TASK DETAILS —
Copy out each line of the listing that has the word "test" in it.

AVAILABLE DATA —
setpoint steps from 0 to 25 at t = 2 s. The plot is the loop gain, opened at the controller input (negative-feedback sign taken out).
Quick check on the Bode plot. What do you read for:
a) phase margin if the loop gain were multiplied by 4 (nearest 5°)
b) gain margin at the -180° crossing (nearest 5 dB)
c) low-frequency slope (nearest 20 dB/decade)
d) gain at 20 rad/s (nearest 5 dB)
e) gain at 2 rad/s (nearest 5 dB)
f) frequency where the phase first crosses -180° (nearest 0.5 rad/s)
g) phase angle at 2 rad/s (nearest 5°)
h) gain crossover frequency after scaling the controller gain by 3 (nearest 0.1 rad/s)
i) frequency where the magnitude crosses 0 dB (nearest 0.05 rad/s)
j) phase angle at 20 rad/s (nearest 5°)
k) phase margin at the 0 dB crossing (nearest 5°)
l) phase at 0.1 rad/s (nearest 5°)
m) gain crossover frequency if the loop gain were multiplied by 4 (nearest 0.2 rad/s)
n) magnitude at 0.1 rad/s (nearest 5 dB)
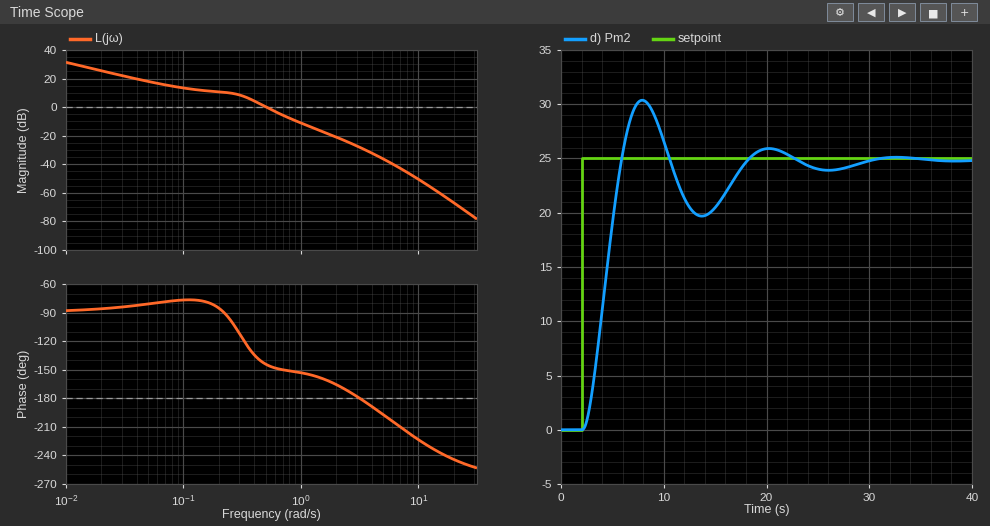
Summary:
25°
30 dB
-20 dB/decade
-65 dB
-20 dB
3.0 rad/s
-165°
0.9 rad/s
0.50 rad/s
-245°
35°
-75°
1.0 rad/s
15 dB
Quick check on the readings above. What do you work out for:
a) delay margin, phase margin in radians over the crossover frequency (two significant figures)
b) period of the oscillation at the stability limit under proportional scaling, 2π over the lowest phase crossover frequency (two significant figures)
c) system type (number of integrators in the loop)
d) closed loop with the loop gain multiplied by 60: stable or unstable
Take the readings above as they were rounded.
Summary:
1.2 s
2.1 s
1
unstable
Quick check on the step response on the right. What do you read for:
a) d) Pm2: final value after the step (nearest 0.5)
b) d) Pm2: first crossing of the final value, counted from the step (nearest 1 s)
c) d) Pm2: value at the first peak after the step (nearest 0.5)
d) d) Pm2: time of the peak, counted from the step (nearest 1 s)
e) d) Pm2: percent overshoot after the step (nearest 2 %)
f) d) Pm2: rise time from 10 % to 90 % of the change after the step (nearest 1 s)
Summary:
25.0
4 s
30.5
6 s
22 %
3 s
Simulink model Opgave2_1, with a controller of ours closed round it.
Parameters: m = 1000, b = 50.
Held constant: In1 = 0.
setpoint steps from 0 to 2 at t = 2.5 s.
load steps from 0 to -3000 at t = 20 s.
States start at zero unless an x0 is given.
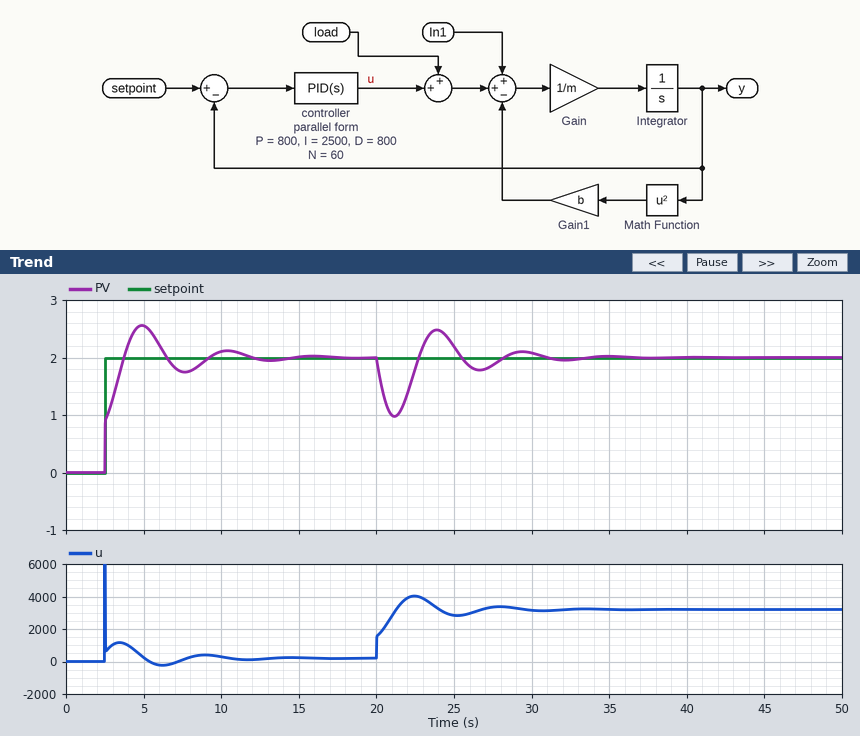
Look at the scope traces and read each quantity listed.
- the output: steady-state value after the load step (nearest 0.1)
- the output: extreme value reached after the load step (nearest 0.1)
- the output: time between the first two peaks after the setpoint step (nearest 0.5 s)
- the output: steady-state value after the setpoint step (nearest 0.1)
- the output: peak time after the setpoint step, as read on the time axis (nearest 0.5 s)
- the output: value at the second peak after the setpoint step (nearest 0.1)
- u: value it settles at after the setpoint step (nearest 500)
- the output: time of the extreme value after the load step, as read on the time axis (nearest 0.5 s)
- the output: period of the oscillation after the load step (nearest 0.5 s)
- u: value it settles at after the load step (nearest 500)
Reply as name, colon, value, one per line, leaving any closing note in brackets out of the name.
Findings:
the output: steady-state value after the load step: 2.0
the output: extreme value reached after the load step: 1.0
the output: time between the first two peaks after the setpoint step: 5.5 s
the output: steady-state value after the setpoint step: 2.0
the output: peak time after the setpoint step, as read on the time axis: 5.0 s
the output: value at the second peak after the setpoint step: 2.1
u: value it settles at after the setpoint step: 0
the output: time of the extreme value after the load step, as read on the time axis: 21.0 s
the output: period of the oscillation after the load step: 5.5 s
u: value it settles at after the load step: 3000
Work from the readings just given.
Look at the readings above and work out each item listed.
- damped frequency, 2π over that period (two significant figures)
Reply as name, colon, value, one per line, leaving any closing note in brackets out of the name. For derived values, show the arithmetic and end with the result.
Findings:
damped frequency, 2π over that period: 2π / 5.5 = 1.1 rad/s
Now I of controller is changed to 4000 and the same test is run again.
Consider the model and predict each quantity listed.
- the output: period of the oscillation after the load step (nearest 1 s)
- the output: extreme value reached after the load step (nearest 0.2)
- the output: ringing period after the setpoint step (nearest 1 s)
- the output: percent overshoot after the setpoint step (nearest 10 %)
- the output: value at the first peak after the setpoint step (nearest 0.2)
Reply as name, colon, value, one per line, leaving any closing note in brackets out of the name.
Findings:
the output: period of the oscillation after the load step: 4 s
the output: extreme value reached after the load step: 1.2
the output: ringing period after the setpoint step: 4 s
the output: percent overshoot after the setpoint step: 30 %
the output: value at the first peak after the setpoint step: 2.6
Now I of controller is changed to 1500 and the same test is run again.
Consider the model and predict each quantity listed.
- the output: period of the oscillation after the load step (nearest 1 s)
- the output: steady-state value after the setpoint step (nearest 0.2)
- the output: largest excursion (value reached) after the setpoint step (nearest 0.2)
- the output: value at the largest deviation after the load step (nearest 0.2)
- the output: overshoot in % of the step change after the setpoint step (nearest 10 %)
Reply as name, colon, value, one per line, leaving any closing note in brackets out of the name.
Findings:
the output: period of the oscillation after the load step: 7 s
the output: steady-state value after the setpoint step: 2.0
the output: largest excursion (value reached) after the setpoint step: 2.4
the output: value at the largest deviation after the load step: 0.8
the output: overshoot in % of the step change after the setpoint step: 20 %
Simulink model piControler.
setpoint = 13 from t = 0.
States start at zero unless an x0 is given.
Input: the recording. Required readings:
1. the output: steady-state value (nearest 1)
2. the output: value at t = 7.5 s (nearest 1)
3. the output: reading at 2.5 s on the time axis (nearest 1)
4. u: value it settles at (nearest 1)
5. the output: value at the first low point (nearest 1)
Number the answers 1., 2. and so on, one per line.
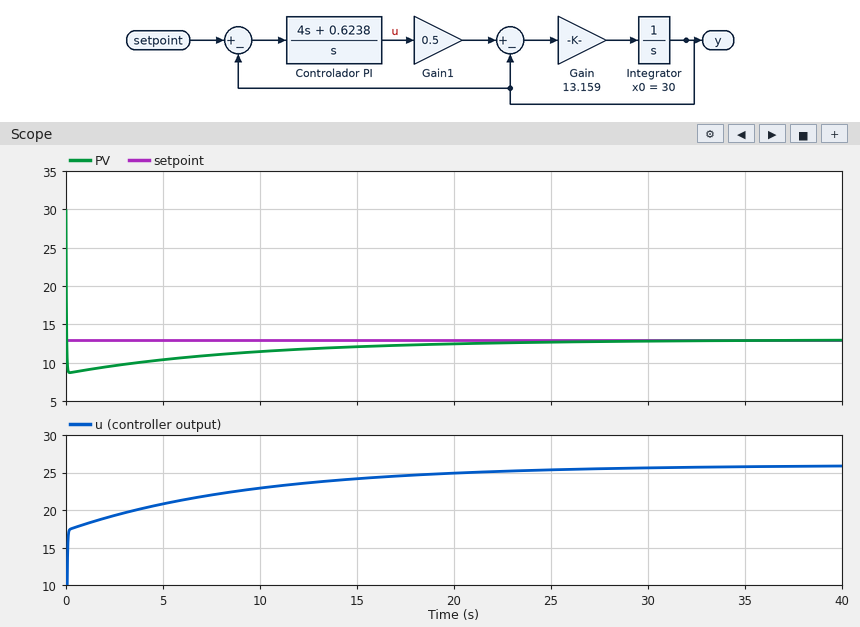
1. 13
2. 11
3. 10
4. 26
5. 9
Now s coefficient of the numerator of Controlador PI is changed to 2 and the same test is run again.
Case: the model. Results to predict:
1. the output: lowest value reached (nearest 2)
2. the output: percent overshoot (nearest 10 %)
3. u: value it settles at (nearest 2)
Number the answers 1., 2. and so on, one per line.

1. 6
2. 40 %
3. 26
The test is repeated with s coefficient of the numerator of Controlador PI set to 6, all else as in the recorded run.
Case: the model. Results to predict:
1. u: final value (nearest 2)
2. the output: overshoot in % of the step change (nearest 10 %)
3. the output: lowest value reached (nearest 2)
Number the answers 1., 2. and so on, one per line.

1. 26
2. 20 %
3. 10
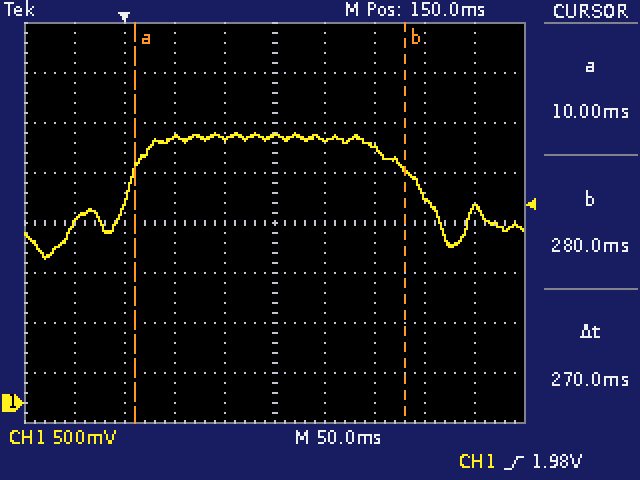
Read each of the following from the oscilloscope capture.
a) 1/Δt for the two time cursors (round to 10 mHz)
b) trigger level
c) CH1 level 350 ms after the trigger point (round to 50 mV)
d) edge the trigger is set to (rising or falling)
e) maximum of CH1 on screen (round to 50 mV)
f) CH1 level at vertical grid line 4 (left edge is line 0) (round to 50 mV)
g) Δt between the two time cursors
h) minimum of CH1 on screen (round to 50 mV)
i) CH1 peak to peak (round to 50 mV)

3.70 Hz
1.98 V
1.95 V
rising
2.70 V
2.65 V
270 ms
1.45 V
1.25 V
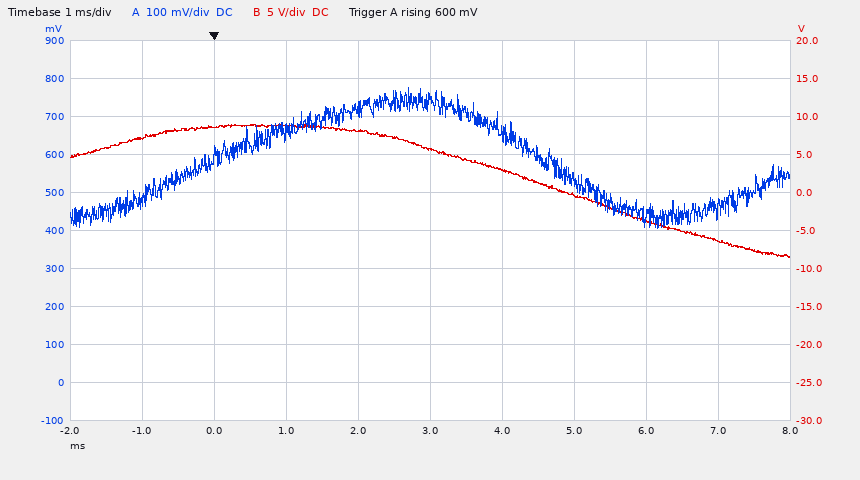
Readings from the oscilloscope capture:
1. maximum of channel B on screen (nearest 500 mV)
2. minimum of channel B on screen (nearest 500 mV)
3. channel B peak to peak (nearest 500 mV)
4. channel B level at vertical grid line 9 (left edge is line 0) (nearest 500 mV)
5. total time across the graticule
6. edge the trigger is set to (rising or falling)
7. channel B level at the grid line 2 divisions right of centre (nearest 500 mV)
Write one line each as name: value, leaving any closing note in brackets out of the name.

maximum of channel B on screen: 9.0 V
minimum of channel B on screen: -8.5 V
channel B peak to peak: 17.5 V
channel B level at vertical grid line 9 (left edge is line 0): -6.5 V
total time across the graticule: 10 ms
edge the trigger is set to: rising
channel B level at the grid line 2 divisions right of centre: -500 mV
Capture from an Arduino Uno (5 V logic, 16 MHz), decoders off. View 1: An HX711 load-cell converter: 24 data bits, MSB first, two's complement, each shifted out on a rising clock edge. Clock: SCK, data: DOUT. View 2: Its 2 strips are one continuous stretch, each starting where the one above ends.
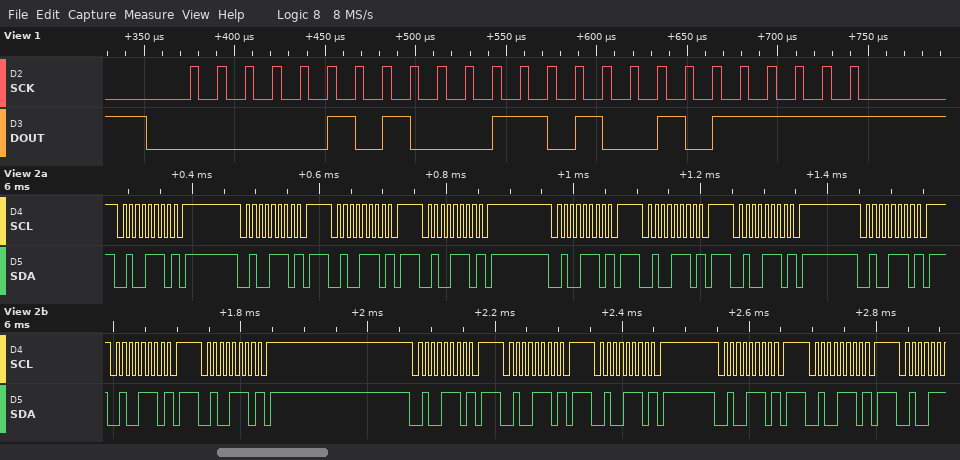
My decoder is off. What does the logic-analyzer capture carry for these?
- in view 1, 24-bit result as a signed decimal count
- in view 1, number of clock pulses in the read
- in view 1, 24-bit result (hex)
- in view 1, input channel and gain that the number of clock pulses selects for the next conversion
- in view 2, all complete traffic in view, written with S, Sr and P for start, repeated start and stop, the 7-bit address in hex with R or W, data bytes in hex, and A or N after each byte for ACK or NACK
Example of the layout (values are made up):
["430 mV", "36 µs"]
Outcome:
["334431", "25", "0x051A5F", "channel A, gain 128", "S 27W N P S 27W N P S 27W N P S 27W N P S 27W N P S 27W N P S 27W N P S 27W N P S 27W N P S 27W N P S 27W N P S 27W N P S 27W N P S 27W N P S 27W N P"]
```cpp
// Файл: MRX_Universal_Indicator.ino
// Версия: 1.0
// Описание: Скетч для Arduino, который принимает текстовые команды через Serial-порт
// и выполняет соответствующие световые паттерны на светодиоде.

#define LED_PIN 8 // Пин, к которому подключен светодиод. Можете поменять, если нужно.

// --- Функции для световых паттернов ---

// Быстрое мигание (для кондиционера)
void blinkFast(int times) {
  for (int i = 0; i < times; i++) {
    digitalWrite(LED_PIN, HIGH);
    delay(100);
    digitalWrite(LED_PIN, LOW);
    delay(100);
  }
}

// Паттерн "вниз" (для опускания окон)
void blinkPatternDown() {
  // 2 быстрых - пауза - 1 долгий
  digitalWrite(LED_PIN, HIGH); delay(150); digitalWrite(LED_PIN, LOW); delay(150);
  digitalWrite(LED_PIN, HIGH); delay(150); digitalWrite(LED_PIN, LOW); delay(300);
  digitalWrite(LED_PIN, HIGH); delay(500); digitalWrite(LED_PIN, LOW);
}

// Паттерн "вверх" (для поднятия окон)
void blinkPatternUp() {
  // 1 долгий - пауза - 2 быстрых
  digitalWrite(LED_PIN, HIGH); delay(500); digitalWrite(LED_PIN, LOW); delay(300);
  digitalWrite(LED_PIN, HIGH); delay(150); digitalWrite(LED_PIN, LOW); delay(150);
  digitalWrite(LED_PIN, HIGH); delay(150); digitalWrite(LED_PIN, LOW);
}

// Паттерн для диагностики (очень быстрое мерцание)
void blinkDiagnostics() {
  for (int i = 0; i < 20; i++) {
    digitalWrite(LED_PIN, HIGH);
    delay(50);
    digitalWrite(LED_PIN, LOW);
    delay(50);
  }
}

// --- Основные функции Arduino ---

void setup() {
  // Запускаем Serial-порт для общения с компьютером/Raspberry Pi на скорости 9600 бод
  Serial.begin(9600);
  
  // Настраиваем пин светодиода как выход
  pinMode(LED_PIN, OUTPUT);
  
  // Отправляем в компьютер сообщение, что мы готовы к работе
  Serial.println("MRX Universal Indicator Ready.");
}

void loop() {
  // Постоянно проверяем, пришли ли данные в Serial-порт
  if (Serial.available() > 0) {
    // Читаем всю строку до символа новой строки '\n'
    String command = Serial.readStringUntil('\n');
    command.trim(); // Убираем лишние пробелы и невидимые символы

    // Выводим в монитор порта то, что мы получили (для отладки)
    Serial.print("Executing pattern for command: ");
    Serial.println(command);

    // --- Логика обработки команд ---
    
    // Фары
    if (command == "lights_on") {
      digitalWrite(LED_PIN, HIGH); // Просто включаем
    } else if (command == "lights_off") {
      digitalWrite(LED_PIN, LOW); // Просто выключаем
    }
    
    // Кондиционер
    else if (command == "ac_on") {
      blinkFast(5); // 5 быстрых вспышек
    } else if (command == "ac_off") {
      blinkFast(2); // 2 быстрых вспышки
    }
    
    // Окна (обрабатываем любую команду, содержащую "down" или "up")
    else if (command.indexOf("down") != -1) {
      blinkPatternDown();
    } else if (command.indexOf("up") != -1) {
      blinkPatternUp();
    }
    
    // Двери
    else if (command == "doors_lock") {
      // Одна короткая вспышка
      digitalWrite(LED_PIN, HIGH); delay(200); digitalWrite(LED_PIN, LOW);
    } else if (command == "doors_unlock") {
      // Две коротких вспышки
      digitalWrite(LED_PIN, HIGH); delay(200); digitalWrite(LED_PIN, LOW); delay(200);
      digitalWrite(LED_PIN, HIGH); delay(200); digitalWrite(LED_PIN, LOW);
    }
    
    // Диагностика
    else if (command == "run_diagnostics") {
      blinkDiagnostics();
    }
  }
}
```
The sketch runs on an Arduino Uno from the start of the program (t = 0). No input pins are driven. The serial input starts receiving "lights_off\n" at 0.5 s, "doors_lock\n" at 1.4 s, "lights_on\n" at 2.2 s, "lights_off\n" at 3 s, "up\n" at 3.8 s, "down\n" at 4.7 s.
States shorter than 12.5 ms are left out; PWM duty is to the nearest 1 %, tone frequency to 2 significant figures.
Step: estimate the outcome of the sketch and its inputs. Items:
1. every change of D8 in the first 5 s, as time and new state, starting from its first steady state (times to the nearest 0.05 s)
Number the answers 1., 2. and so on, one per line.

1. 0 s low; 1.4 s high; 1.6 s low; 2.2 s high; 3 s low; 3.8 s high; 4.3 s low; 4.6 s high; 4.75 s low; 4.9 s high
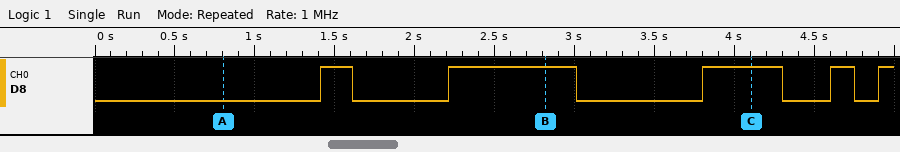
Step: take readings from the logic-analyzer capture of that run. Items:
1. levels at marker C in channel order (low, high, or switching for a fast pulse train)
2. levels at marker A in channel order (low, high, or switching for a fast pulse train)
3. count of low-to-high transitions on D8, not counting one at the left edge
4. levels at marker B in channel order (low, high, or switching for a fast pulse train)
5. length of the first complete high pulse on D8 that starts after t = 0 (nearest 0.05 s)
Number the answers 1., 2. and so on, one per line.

1. D8 high
2. D8 low
3. 5
4. D8 high
5. 0.20 s
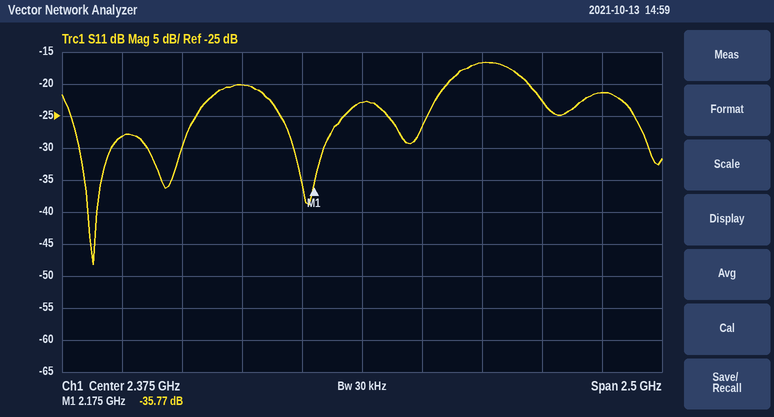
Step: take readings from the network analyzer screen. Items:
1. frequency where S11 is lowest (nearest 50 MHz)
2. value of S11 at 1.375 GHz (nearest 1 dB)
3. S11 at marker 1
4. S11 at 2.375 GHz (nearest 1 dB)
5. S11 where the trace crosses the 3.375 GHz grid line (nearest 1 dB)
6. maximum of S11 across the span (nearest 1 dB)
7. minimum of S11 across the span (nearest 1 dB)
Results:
1.25 GHz
-28 dB
-35.77 dB
-23 dB
-21 dB
-17 dB
-48 dB

COMPLETED TASK —
Now I of controller is changed to 4000 and the same test is run again.
Now I of controller is changed to 1500 and the same test is run again.
Now s coefficient of the numerator of Controlador PI is changed to 2 and the same test is run again.
The test is repeated with s coefficient of the numerator of Controlador PI set to 6, all else as in the recorded run.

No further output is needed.